11K rows, 83 columns, many joins, export as excel/csv over the edge
11K rows, 83 columns, many joins, export as excel/csv over the edge
My main table seems to have grown beyond the reach of the current way to dump the whole table to a spreadsheet as the client needs for their weekly report.
Increasing memory limits in PHP, execution time in apache to 10 minutes has worked for a few increases in the size of the table, but no longer works.
Am using a lengthMenu item of up to 15,000 items to draw the whole table in on DT in the browser and export to XLS to generate the text CSV with all joined sub tables exploded as text.
Seems that Join.php is the culprit, a large dataset being the trigger.
Server is Amazon ec2 t2-micro, 1Gb RAM, Bitnami HHVM
php.ini: memory_limit = 768M
apache via php-fpm-apache.conf has increased script execution time
<Proxy "unix:/opt/bitnami/php/var/run/www.sock|fcgi://www-fpm" timeout=600>
The program "top" shows the used memory run very close to 1Gb when the request to draw the whole table executes.
Even at 10 minutes I still get
[proxy_fcgi:error] [pid 8086:tid 139767471523584] (70007)The timeout specified has expired:
which is seen as a 503 error page to the user and invalid json.
So I don't think increasing the execution time past 10 minutes will help the server any.
Looking for some ideas of how to get the server side csv generation to succeed, is it simply a matter of needing more RAM ?
thanks.
Replies
I will send a link to the debug data via email.
Hi,
Thanks for the details and e-mail. The issue here, as you say, is that the database is getting a little too large to easily dump out to the client-side with the PHP libraries for Editor.
The
Join
class is always going to be the one that will run out of memory first due to how it operates (rather than having the SQL server perform the join, for portability between the various SQL engines that the libraries support it pulls the information from the database and does the join in PHP. That of course costs memory - I hadn't expected it to be quite as few as 15k records (although you do have a lot of columns), but it depends on what the join information is and how many joins, etc.If possible, the leftJoins are the way to go since that is done in SQL but it only allows a single item, rather than the one-to-many relationship of the
Join
class.I think this is one where the pre-built libraries are going to be pushed beyond what they were designed for - indeed, creating a 15k row Excel file on the client-side isn't going to be fast either.

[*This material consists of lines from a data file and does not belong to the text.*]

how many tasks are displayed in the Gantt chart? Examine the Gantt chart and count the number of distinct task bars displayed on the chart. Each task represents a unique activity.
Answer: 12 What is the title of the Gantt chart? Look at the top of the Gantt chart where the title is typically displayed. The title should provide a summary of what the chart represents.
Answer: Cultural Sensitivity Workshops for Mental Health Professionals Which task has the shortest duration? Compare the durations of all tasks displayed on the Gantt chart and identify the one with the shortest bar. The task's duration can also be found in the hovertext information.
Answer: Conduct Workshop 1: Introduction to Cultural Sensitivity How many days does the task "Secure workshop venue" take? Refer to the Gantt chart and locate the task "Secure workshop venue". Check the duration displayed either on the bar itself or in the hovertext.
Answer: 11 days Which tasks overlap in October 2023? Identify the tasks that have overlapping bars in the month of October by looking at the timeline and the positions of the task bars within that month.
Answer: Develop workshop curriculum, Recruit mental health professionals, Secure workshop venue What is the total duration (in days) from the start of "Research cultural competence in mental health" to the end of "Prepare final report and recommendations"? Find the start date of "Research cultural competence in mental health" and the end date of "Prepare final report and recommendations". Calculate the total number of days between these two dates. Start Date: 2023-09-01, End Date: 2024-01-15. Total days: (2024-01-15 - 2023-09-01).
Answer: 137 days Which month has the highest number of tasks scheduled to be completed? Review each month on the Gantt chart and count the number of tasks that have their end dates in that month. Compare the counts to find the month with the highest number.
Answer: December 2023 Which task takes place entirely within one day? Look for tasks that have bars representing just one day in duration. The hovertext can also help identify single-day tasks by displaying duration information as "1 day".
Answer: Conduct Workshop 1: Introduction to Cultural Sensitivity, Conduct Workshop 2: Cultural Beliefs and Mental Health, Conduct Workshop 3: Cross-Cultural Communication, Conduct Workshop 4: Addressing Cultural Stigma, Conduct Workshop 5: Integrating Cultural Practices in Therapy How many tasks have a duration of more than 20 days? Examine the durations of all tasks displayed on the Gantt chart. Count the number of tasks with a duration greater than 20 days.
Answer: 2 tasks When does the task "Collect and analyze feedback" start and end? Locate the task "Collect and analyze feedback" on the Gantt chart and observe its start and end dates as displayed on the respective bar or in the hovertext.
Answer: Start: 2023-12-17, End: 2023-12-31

It is around this point that I think you'll need to start looking into generating the Excel / CSV file on the server and providing a way for the client-side to download it. You could send the parameters from the last server-side processing draw request so the file could be created with the same sorting etc if that is required.
Even if we were to find a way to improve the Join memory performance (I will take a look at this), sooner rather than later I think you'll just hit exactly the same issue as the data continues to expand. For server-side processing tables, this really needs a server-side solution.
Does that sound do-able?
Allan
Thanks Allan,
Not quite sure how to build what you are proposing - capturing the query that the server is attempting for the operation that is timing out, and convert it to a leftJoin based query that will execute directly by mysql and get it to export the csv via that direct query ? I could have a button that executes this query and generates the csv file on the server for download later ?
So it would be a "dump all" button that performed the export on the server.
A server only solution would be fine, just not quite sure how to do the `generate the query' bit.
thanks.
I have created a sql query that is the same as the big join the table would be doing, and that stalls mysql as well. So I might just be showing my poorly growing db schema.
The query has joins to 28 tables for 28 of the 83 columns, so that will hurt memory for sure. This is not DT territory, but would rewriting as left joins be more efficient enough?
Just to quickly update the conversation here so it doesn't look truncated - we talked by e-mail and it sounds like left join rewrite of the query was spot on. "Blindingly fast" :-)
In general if you have a one-to-one relationship then left join is the way forward for optimal performance.
Regards,
Allan
Yes just to complete the thread.
I moved from using the browser to generate the CSV file - by getting the whole table to be drawn in one browser window (which ended up using Join.php in the PHP backend libraries) to a custom php script that used a hand coded equivalent sql query with 'left join on' and a loop with fputcsv to handle special characters generate the CSV on the fly, and it was very fast indeed - an instant download of the whole table.